PROBLEM REQUIREMENTS: Your task is to quote the records from their first line through the line containing "The horizontal FOV is 106.0°.", with nothing added or left out.

MATERIAL TO PROCESS:
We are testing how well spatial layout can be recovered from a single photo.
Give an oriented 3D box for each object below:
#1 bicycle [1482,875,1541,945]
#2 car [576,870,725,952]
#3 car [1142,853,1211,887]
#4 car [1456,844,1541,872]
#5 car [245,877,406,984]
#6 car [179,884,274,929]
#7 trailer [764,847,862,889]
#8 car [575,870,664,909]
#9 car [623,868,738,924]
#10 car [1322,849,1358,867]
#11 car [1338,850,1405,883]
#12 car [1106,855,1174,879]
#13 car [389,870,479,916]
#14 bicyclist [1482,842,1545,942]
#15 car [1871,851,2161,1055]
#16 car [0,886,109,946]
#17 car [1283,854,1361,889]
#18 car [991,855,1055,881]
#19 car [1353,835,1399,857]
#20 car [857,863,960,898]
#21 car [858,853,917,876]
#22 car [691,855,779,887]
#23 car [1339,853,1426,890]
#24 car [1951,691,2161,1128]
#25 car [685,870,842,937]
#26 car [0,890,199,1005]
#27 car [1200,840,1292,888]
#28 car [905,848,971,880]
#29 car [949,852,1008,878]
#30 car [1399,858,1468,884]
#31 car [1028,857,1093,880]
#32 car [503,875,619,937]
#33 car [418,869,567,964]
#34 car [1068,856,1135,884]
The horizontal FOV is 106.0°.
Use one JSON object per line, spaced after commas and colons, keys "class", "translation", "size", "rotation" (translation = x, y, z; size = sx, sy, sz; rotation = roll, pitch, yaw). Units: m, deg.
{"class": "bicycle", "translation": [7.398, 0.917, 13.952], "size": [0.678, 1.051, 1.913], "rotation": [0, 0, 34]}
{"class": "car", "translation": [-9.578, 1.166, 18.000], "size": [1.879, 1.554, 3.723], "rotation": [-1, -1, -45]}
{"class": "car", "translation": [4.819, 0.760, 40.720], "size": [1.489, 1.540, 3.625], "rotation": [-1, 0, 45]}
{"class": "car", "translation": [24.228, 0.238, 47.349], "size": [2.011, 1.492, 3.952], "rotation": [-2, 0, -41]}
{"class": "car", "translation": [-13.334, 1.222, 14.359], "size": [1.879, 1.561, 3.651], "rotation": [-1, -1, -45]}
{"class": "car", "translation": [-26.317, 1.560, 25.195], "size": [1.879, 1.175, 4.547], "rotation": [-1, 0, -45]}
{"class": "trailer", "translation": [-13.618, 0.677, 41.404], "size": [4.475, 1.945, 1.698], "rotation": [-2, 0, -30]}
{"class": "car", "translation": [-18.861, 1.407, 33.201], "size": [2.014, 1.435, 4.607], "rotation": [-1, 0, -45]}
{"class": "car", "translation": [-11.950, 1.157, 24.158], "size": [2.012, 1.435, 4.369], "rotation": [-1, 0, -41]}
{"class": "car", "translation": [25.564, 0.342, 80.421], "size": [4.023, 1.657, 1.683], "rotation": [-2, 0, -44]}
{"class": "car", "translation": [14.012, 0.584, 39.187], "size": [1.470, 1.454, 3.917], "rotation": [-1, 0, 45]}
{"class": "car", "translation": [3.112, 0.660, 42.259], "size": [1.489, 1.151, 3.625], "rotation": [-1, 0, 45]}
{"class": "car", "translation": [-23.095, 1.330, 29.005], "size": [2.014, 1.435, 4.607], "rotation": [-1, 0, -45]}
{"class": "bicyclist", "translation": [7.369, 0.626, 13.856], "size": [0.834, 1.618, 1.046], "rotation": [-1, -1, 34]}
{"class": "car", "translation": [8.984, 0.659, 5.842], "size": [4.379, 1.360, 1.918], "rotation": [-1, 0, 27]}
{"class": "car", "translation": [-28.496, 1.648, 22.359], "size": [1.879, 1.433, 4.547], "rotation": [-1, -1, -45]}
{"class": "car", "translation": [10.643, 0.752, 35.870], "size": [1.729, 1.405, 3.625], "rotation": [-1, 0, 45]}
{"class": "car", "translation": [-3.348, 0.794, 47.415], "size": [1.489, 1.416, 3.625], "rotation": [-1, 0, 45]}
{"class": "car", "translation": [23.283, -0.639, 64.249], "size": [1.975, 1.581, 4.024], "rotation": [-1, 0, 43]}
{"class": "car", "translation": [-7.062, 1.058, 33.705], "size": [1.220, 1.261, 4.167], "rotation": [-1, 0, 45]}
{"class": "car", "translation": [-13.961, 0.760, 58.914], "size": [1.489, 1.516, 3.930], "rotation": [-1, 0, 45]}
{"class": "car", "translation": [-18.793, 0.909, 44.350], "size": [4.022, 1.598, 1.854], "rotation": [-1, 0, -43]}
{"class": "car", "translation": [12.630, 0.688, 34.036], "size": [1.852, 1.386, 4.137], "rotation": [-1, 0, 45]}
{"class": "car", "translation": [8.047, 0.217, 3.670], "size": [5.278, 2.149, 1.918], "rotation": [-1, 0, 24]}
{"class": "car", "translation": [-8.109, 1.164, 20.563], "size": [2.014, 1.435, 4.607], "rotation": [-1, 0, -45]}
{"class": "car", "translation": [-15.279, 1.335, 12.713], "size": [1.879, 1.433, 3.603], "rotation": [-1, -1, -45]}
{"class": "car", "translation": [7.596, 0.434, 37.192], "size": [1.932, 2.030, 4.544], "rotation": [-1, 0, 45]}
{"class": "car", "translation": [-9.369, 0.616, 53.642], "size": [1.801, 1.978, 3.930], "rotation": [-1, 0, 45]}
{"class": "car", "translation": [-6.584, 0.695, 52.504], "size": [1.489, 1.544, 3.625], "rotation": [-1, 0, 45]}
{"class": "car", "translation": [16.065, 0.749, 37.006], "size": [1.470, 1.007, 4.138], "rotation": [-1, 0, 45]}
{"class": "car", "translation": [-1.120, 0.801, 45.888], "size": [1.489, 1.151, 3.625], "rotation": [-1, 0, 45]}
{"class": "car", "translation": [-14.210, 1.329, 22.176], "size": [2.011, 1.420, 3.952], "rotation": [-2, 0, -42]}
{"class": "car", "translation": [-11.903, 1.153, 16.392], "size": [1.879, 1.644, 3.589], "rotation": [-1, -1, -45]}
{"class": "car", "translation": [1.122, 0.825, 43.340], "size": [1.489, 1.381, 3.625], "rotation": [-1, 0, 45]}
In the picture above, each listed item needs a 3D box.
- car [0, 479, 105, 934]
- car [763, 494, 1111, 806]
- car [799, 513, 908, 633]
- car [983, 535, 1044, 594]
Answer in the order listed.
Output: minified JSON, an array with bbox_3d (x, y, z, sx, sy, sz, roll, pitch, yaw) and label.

REPLY:
We are testing how well spatial layout can be recovered from a single photo.
Give an oriented 3D box for each object below:
#1 bicycle [1482,875,1541,945]
#2 car [576,870,725,952]
#3 car [1142,853,1211,887]
#4 car [1456,844,1541,872]
#5 car [245,877,406,984]
#6 car [179,884,274,929]
#7 trailer [764,847,862,889]
#8 car [575,870,664,909]
#9 car [623,868,738,924]
#10 car [1322,849,1358,867]
#11 car [1338,850,1405,883]
#12 car [1106,855,1174,879]
#13 car [389,870,479,916]
#14 bicyclist [1482,842,1545,942]
#15 car [1871,851,2161,1055]
#16 car [0,886,109,946]
#17 car [1283,854,1361,889]
#18 car [991,855,1055,881]
#19 car [1353,835,1399,857]
#20 car [857,863,960,898]
#21 car [858,853,917,876]
#22 car [691,855,779,887]
#23 car [1339,853,1426,890]
#24 car [1951,691,2161,1128]
#25 car [685,870,842,937]
#26 car [0,890,199,1005]
#27 car [1200,840,1292,888]
#28 car [905,848,971,880]
#29 car [949,852,1008,878]
#30 car [1399,858,1468,884]
#31 car [1028,857,1093,880]
#32 car [503,875,619,937]
#33 car [418,869,567,964]
#34 car [1068,856,1135,884]
The horizontal FOV is 106.0°.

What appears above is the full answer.